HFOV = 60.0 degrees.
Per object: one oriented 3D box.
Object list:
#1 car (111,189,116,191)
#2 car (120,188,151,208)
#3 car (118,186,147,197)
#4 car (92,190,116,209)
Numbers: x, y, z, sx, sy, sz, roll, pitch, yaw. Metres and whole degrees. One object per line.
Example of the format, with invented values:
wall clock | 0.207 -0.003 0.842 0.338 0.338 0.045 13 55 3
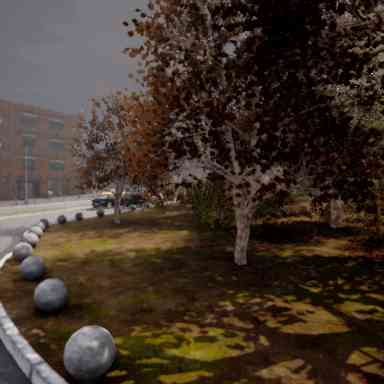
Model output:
car | -13.552 0.249 55.626 1.946 1.575 5.366 0 3 31
car | -5.666 0.637 38.483 2.150 2.045 5.566 0 3 25
car | -10.706 -0.082 60.348 1.946 1.575 5.366 0 3 31
car | -9.322 1.008 38.173 1.882 1.535 5.008 0 3 24
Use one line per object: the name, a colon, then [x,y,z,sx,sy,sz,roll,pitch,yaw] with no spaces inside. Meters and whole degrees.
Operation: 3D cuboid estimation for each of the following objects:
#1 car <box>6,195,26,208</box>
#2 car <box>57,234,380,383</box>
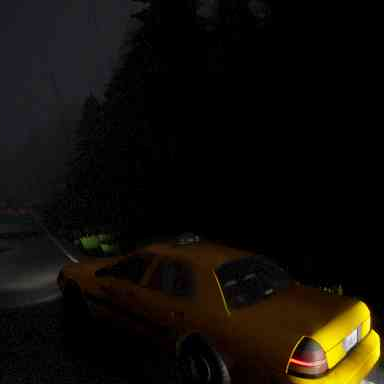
car: [-21.148,1.054,40.051,2.128,1.511,4.902,-2,2,-26]
car: [-0.256,1.417,5.081,5.366,1.575,1.801,1,1,44]
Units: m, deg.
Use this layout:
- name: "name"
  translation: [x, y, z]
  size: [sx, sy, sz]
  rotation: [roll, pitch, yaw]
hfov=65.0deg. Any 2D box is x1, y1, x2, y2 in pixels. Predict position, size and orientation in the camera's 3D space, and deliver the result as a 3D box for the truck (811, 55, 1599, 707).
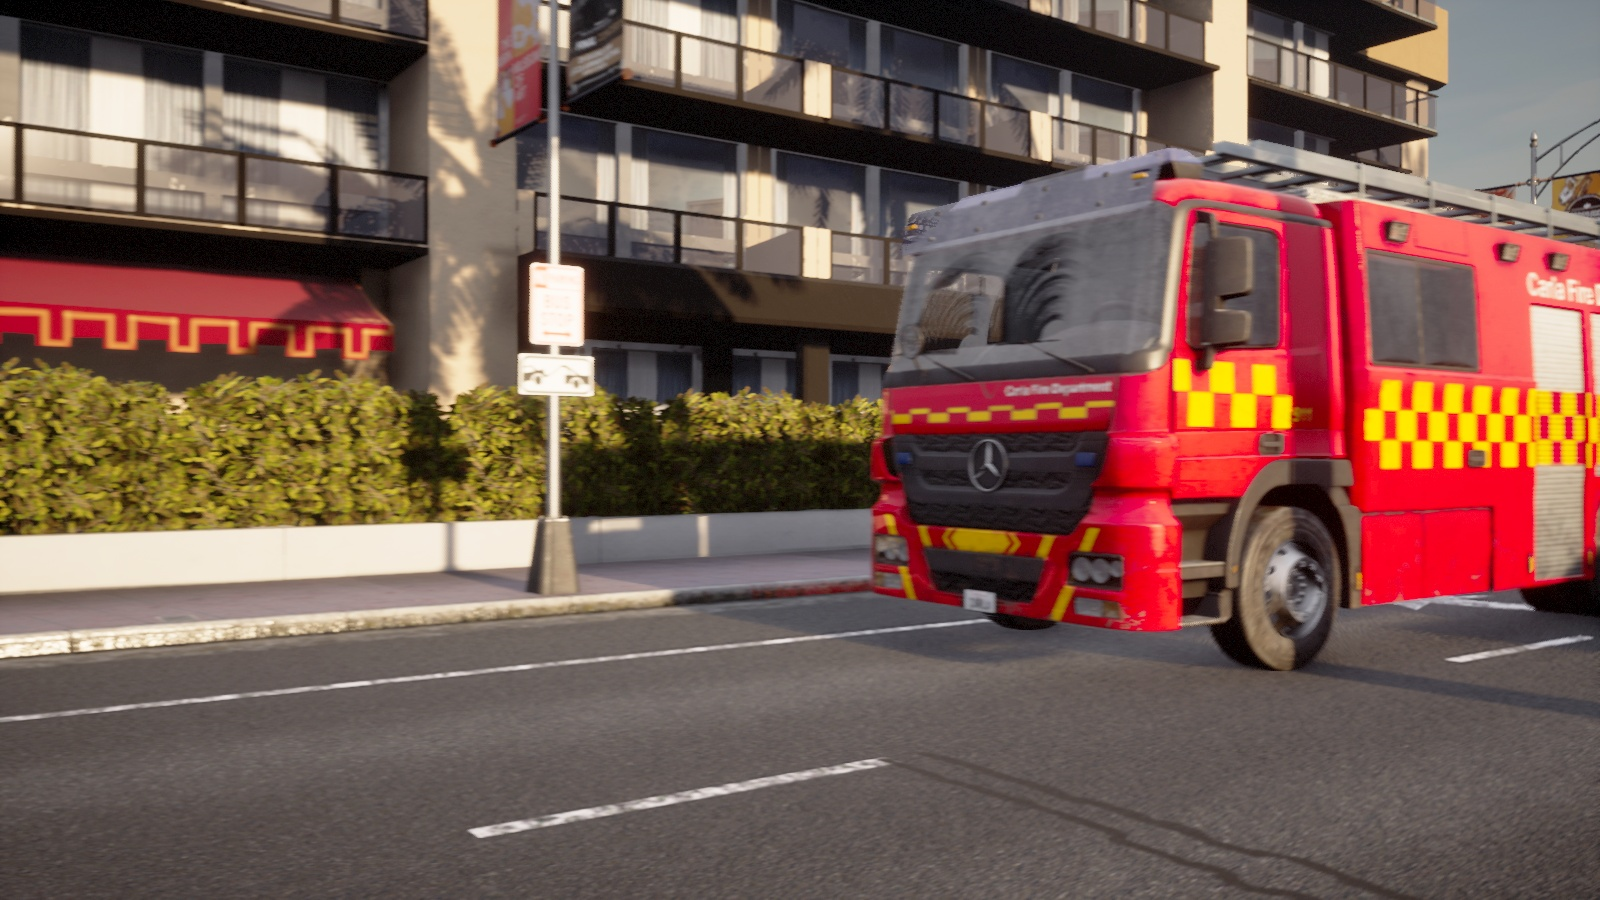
- name: "truck"
  translation: [4.390, -0.402, 10.976]
  size: [8.468, 3.827, 2.891]
  rotation: [0, 0, -35]
★ ★ ★ ★
Problem details: Among the records above, extract exactly the lines from the line with "Units: m, deg." to the line with "rotation: [roll, pitch, yaw]", both lines included, and leave out the rest.

Result of the task:
Units: m, deg.
Use this layout:
- name: "name"
  translation: [x, y, z]
  size: [sx, sy, sz]
  rotation: [roll, pitch, yaw]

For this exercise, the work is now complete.